Kate Coid distinguió al bebé que ella había cuidado en brazos de una
muchacha joven y se alegró de que la criatura hubiera sobrevivido al fatal
hedor de la Bestia y estuviera de vuelta en el seno de los suyos.
A media tarde
aparecieron Walimaí y los dos muchachos. Kate Coid y César Santos
corrieron a su encuentro, abrazándolos aliviados, porque temían que no
iban a verlos nunca más. Con la presencia de Nadia la comunicación se hizo
más fácil; ella pudo traducir y así se aclararon algunos puntos. Los
forasteros se enteraron de que los indios todavía no relacionaban la
muerte de sus compañeros con las armas de fuego de los soldados, porque
jamás las habían visto. Lo único que deseaban era reconstruir su aldea en
otro sitio, comer las cenizas de sus muertos y recuperar la paz que habían
gozado siempre. Querían devolver el Rahakanariwa a su lugar entre los
demonios y echar a los nahab del Ojo del Mundo.
El profesor Leblanc,
algo más recuperado, pero todavía aturdido por el malestar, tomó la
palabra. Había perdido el sombrero australiano con plumitas y estaba
inmundo y fétido, como todos ellos, con la ropa impregnada del olor de las
Bestias. Nadia tradujo, acomodando las frases, para que los indios no
creyeran que todos los nahab eran tan arrogantes como ese hombrecito.
—Pueden estar
tranquilos. Prometo que me encargaré personalmente de proteger a la gente
de la neblina. El mundo escucha cuando Ludovic Leblanc habla —aseguró el
profesor.
Agregó que
publicaría sus impresiones sobre lo que había visto, no sólo en el
artículo del International Geographic, también escribiría otro libro.
Gracias a él, aseguró, el Ojo del Mundo sería declarado reserva indígena y
protegido de cualquier forma de explotación. ¡Ya verían quién era Ludovic
Leblanc! La gente de la neblina no entendió palabra de esta perorata, pero
Nadia resumió diciendo que ése era un nahab amigo. Kate Coid añadió que
ella y Timothy Bruce ayudarían a Leblanc en sus propósitos, con lo cual
también fueron incorporados a la categoría de los nahab amigos.
Finalmente, después de eternas negociaciones para ver quiénes eran amigos
y quiénes eran enemigos, los indígenas aceptaron conducirlos a todos al
día siguiente de vuelta al helicóptero. Para entonces esperaban que el
hedor de las Bestias en Tapirawa—teri se hubiera amortiguado.
Iyomi, siempre
práctica, dio orden a los guerreros de ir a cazar, mientras las mujeres
preparaban fuego y unas hamacas para pasar la noche.
—Te repetiré la
pregunta que ya te hice antes, Alexander, ¿qué sabes de la Bestia? —dijo
Kate Coid a su nieto.
—No es una, Kate,
son varias.
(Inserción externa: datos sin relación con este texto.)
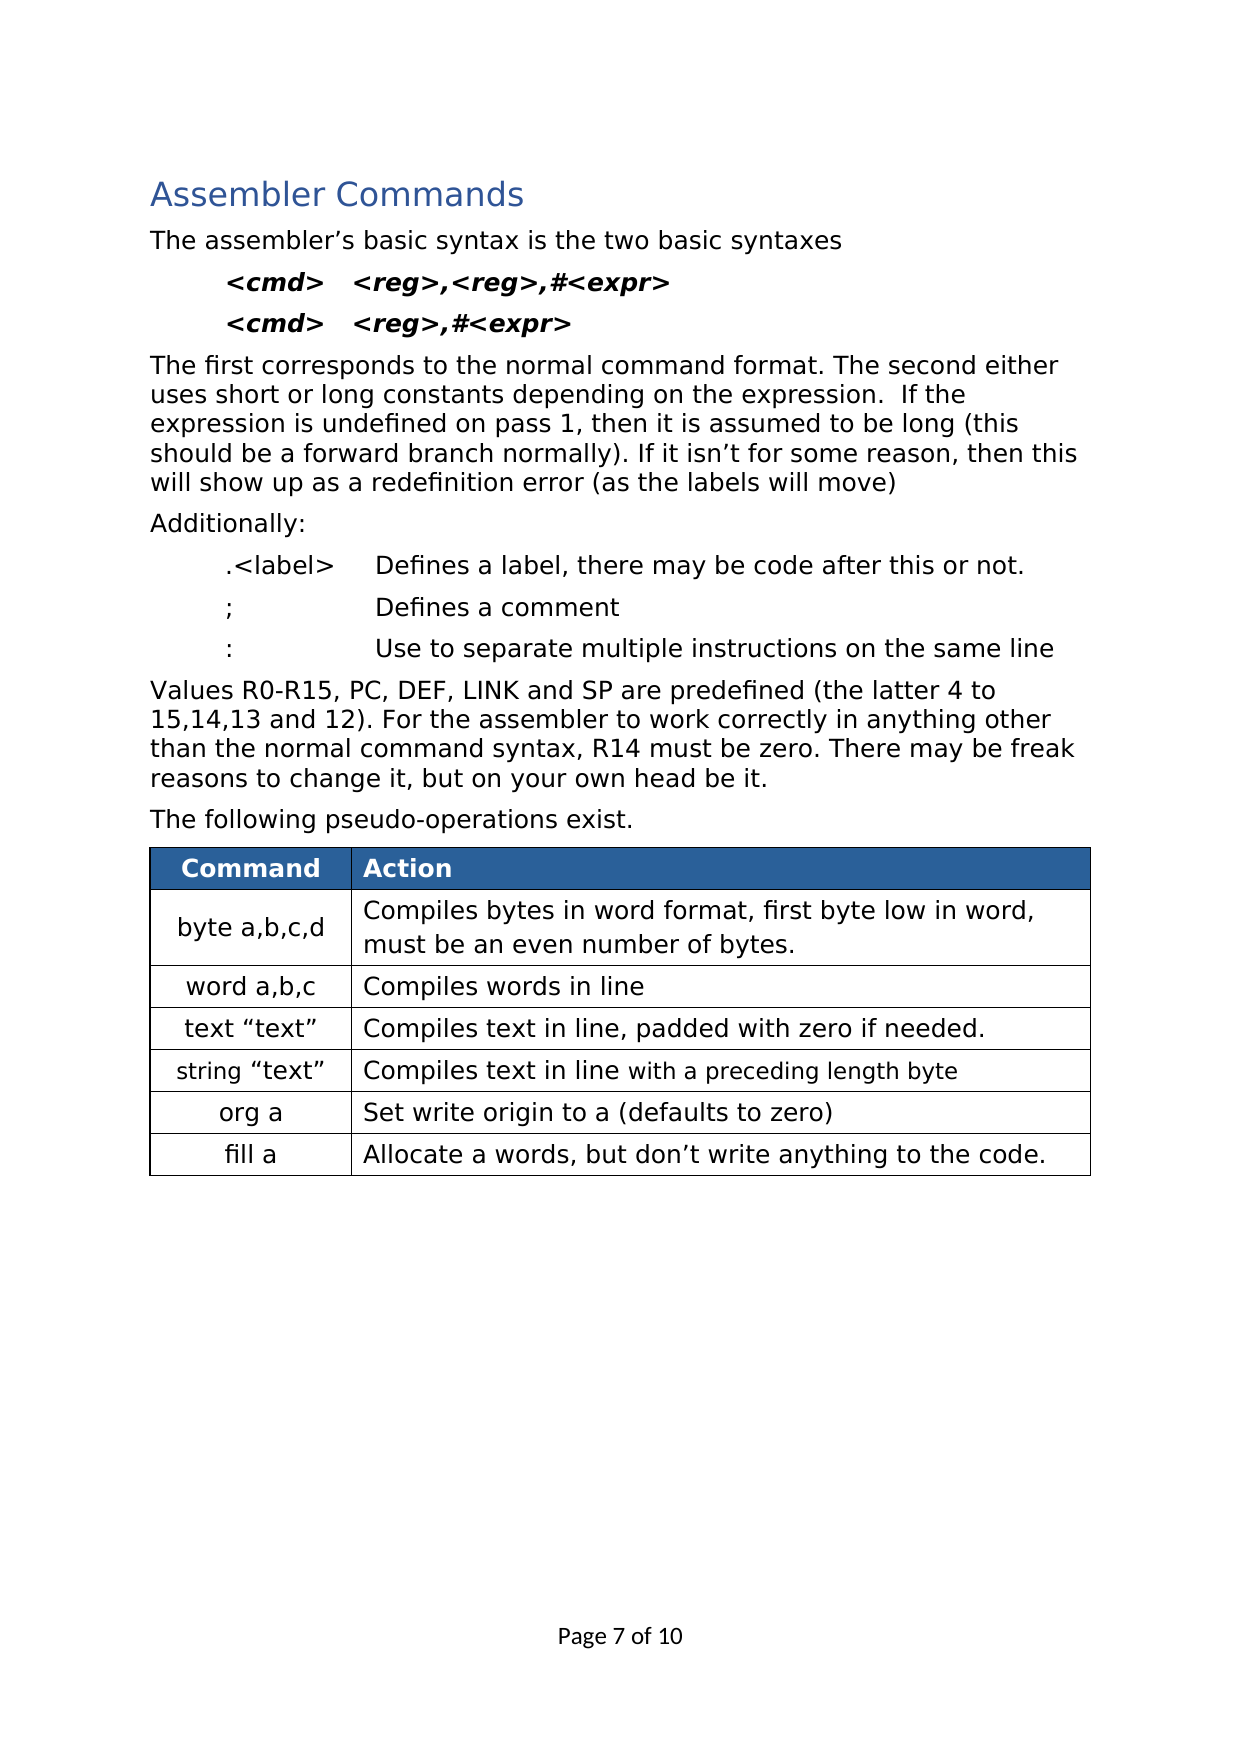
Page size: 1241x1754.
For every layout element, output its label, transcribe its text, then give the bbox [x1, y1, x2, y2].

text <cmd> <reg>,<reg>,#<expr> [225, 268, 1090, 297]
table_cell string “text” [151, 1050, 351, 1091]
text Values R0-R15, PC, DEF, LINK and SP are predefined (the latter 4 to 15,14,13 and 12). For the assembler to work correctly in anything other than the normal command syntax, R14 must be zero. There may be freak reasons to change it, but on your own head be it. [150, 676, 1090, 793]
table_cell Compiles words in line [352, 966, 1090, 1007]
table_cell fill a [151, 1134, 351, 1175]
text The first corresponds to the normal command format. The second either uses short or long constants depending on the expression. If the expression is undefined on pass 1, then it is assumed to be long (this should be a forward branch normally). If it isn’t for some reason, then this will show up as a redefinition error (as the labels will move) [150, 351, 1090, 497]
text The assembler’s basic syntax is the two basic syntaxes [150, 226, 1090, 256]
text : Use to separate multiple instructions on the same line [225, 635, 1090, 664]
table_cell Set write origin to a (defaults to zero) [352, 1092, 1090, 1133]
text ; Defines a comment [225, 593, 1090, 622]
table_cell byte a,b,c,d [151, 890, 351, 965]
table_header Action [352, 848, 1090, 889]
text The following pseudo-operations exist. [150, 806, 1090, 835]
subtitle Assembler Commands [150, 175, 1090, 214]
text Additionally: [150, 510, 1090, 539]
table_cell Allocate a words, but don’t write anything to the code. [352, 1134, 1090, 1175]
table_cell org a [151, 1092, 351, 1133]
table_cell Compiles bytes in word format, first byte low in word, must be an even number of bytes. [352, 890, 1090, 965]
table_cell Compiles text in line, padded with zero if needed. [352, 1008, 1090, 1049]
table_cell text “text” [151, 1008, 351, 1049]
table_cell Compiles text in line with a preceding length byte [352, 1050, 1090, 1091]
table_cell word a,b,c [151, 966, 351, 1007]
text .<label> Defines a label, there may be code after this or not. [225, 551, 1090, 581]
table_header Command [151, 848, 351, 889]
text <cmd> <reg>,#<expr> [225, 310, 1090, 339]

Parecen perezas gigantescas, animales muy antiguos, tal vez de
la Edad de Piedra, o anteriores.
—¿Las has visto?
—Si no las hubiera
visto no podría describirías, ¿no te parece? Vi once de ellas, pero creo
que hay una o dos más rondando por estos lados. Parecen ser de metabolismo
muy lento, viven por muchos años, tal vez siglos. Aprenden, tienen buena
memoria y, no lo vas a creer, hablan —explicó Alex.
—¡Me estás tomando
el pelo! —exclamó su abuela.
—Es cierto. No son
muy elocuentes que digamos, pero hablan la misma lengua de la gente de la
neblina.
Alexander Coid
procedió a informarle que a cambio de la protección de los indios esos
seres preservaban su historia.
—Una vez me dijiste
que los indios no necesitaban la escritura porque tienen buena memoria.
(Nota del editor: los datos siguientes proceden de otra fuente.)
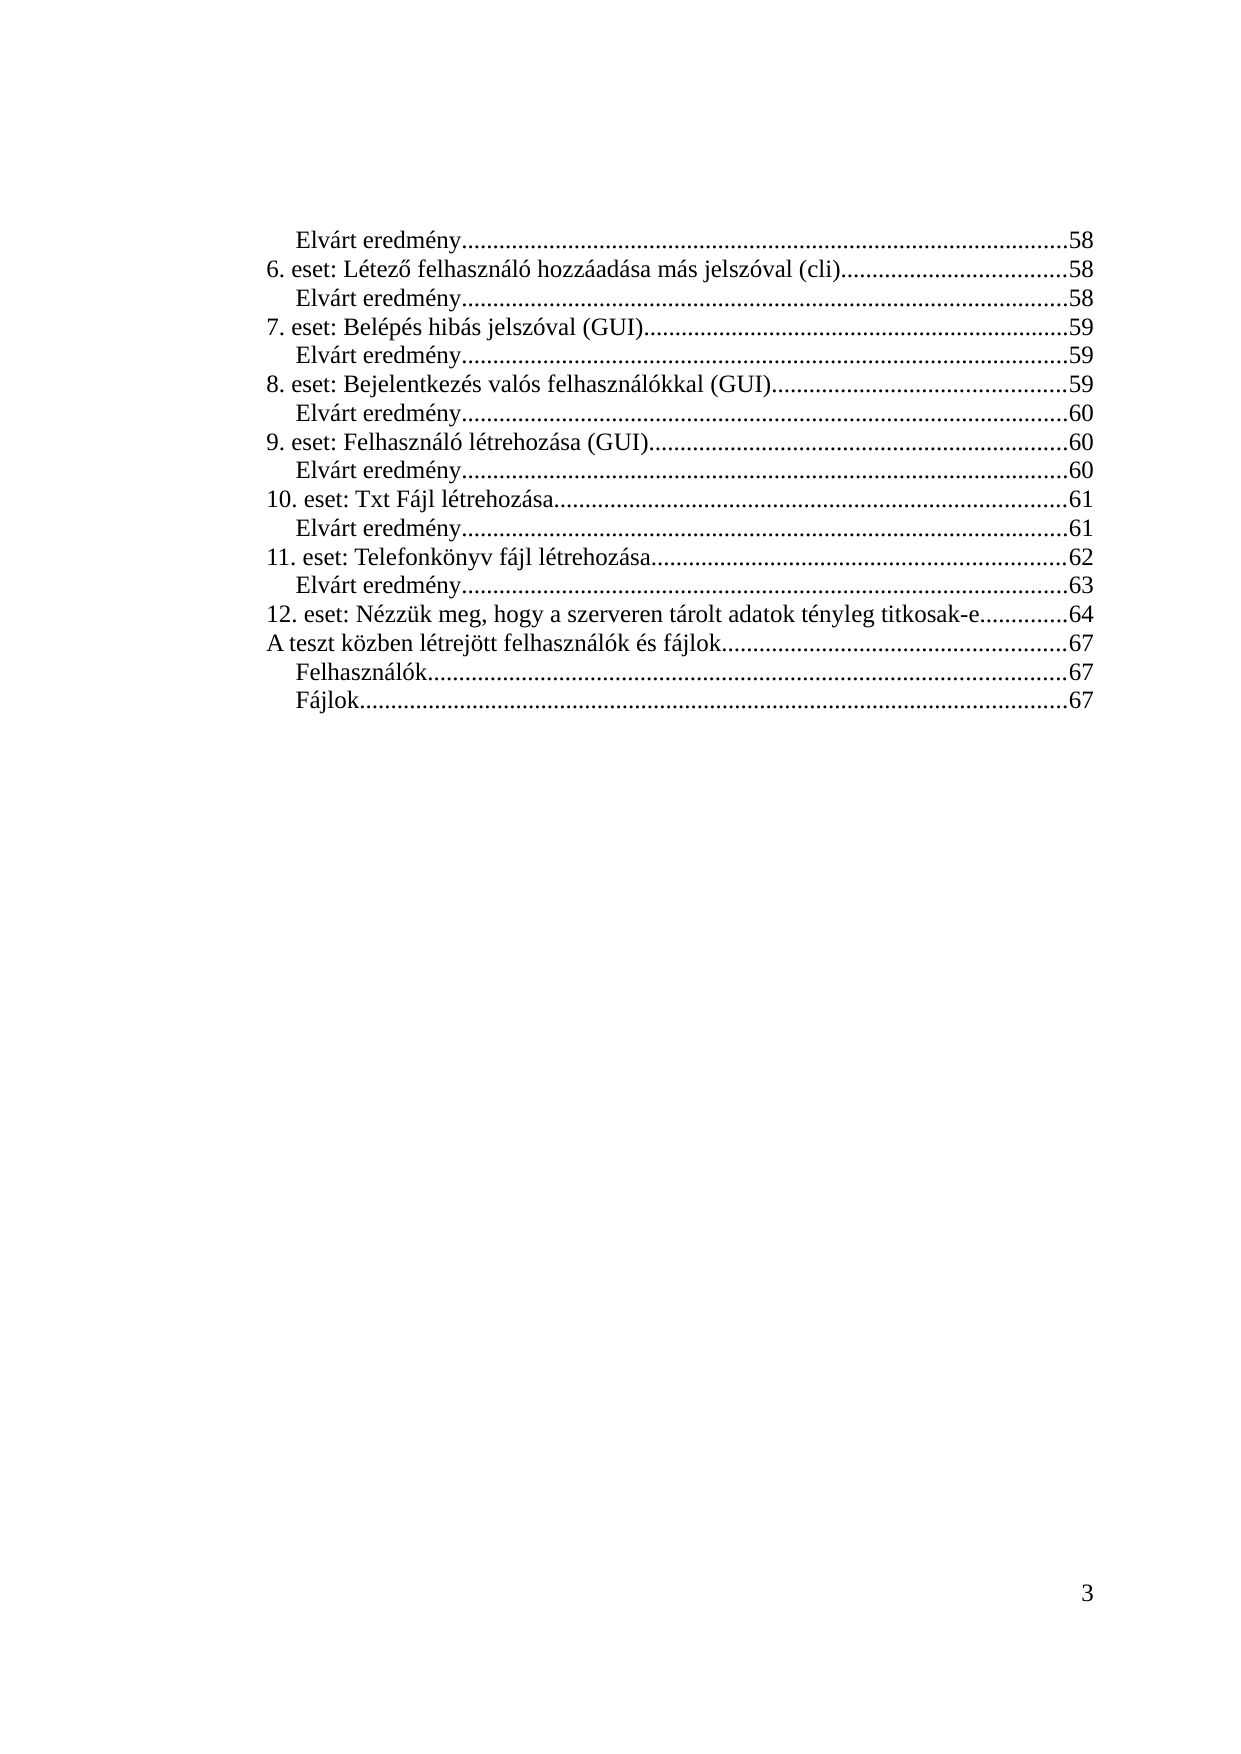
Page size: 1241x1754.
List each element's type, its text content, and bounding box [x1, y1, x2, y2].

text Elvárt eredmény 60 [295, 398, 1093, 427]
text 11. eset: Telefonkönyv fájl létrehozása 62 [266, 542, 1093, 570]
text A teszt közben létrejött felhasználók és fájlok 67 [266, 628, 1093, 657]
text Felhasználók 67 [295, 657, 1093, 685]
text Elvárt eredmény 58 [295, 225, 1093, 254]
text Fájlok 67 [295, 685, 1093, 714]
text 9. eset: Felhasználó létrehozása (GUI) 60 [266, 427, 1093, 455]
text Elvárt eredmény 60 [295, 455, 1093, 484]
text 6. eset: Létező felhasználó hozzáadása más jelszóval (cli) 58 [266, 254, 1093, 283]
text 7. eset: Belépés hibás jelszóval (GUI) 59 [266, 312, 1093, 340]
text 12. eset: Nézzük meg, hogy a szerveren tárolt adatok tényleg titkosak-e 64 [266, 599, 1093, 628]
text 10. eset: Txt Fájl létrehozása 61 [266, 484, 1093, 513]
text Elvárt eredmény 61 [295, 513, 1093, 542]
text Elvárt eredmény 58 [295, 283, 1093, 312]
text Elvárt eredmény 59 [295, 340, 1093, 369]
text 8. eset: Bejelentkezés valós felhasználókkal (GUI) 59 [266, 369, 1093, 398]
text Elvárt eredmény 63 [295, 570, 1093, 599]

Las perezas son la memoria viviente de la tribu —añadió el muchacho.
—¿Dónde las viste,
Alexander?
—No puedo
decírtelo, es un secreto.
—Supongo que viven
en el mismo sitio donde encontraste el agua de la salud... —aventuró la
abuela.
—Puede ser y puede
no ser —replicó su nieto, irónico.
—Necesito ver esas
Bestias y fotografiarlas, Alexander.
—¿Para qué? ¿Para
un artículo en una revista? Eso sería el fin de esas pobres criaturas,
Kate, vendrían a cazarlas para encerrarlas en zoológicos o estudiarlas en
laboratorios.
—Algo tengo que
escribir, para eso me contrataron...
—Escribe que la
Bestia es una leyenda, pura superstición. Yo te aseguro que nadie volverá
a verlas en mucho, mucho tiempo. Se olvidarán de ellas. Más interesante es
escribir sobre la gente de la neblina, ese pueblo que ha permanecido
inmutable desde hace miles de años y puede desaparecer en cualquier
momento. Cuenta que iban a inyectarlos con el virus del sarampión, como
han hecho con otras tribus. Puedes hacerlos famosos y así salvarlos del
exterminio, Kate. Puedes convertirte en protectora de la gente de la
neblina y con un poco de astucia puedes conseguir que Leblanc sea tu
aliado. Tu pluma puede traer algo de justicia a estos lados, puedes
denunciar a los malvados como Carías y Ariosto, cuestionar el papel de los
militares y llevar a Omayra Torres ante los tribunales. Tienes que hacer
algo, o pronto habrá otros canallas cometiendo crímenes por estos lados
con la misma impunidad de siempre.
—Veo que has
crecido mucho en estas semanas, Alexander —admitió Kate Coid, admirada.
—¿Puedes llamarme
Jaguar, abuela?
—¿Como la marca de
automóviles?
—Si.
—Cada uno con su
gusto. Puedo llamarte como quieras, siempre que tú no me llames abuela
—replicó ella.
—Está bien, Kate.
—Está bien, Jaguar.
Esa noche los nahab
comieron con los indios una sobria cena de mono asado. Desde la llegada de
los pájaros de ruido y viento a Tapirawa—teri, la tribu había perdido su
huerto, sus plátanos y su mandioca, y como no podían encender fuego, para
no atraer a sus enemigos, llevaban varios días con hambre. Mientras Kate
Coid procuraba intercambiar información con Iyomi y las otras mujeres, el
profesor Leblanc, fascinado, interrogaba a Tahama sobre sus costumbres y
las artes de la guerra. Nadia, quien estaba encargada de traducir, se dio
cuenta de que Tahama tenía un malvado sentido del humor y le estaba
contando al profesor una serie de fantasías. Le dijo, entre otras cosas,
que él era el tercer marido de Iyomi y que nunca había tenido hijos, lo
cual desbarató la teoría de Leblanc sobre la superioridad genética de los
«machos alfa». En un futuro cercano esos cuentos de Tahama serían la base
de otro libro del famoso profesor Ludovic Leblanc.
Al día siguiente la
gente de la neblina, con Iyomi y Walimaí a la cabeza y Tahama con sus
guerreros en la retaguardia, condujeron a los nahab de regreso a Tapirawa—teri.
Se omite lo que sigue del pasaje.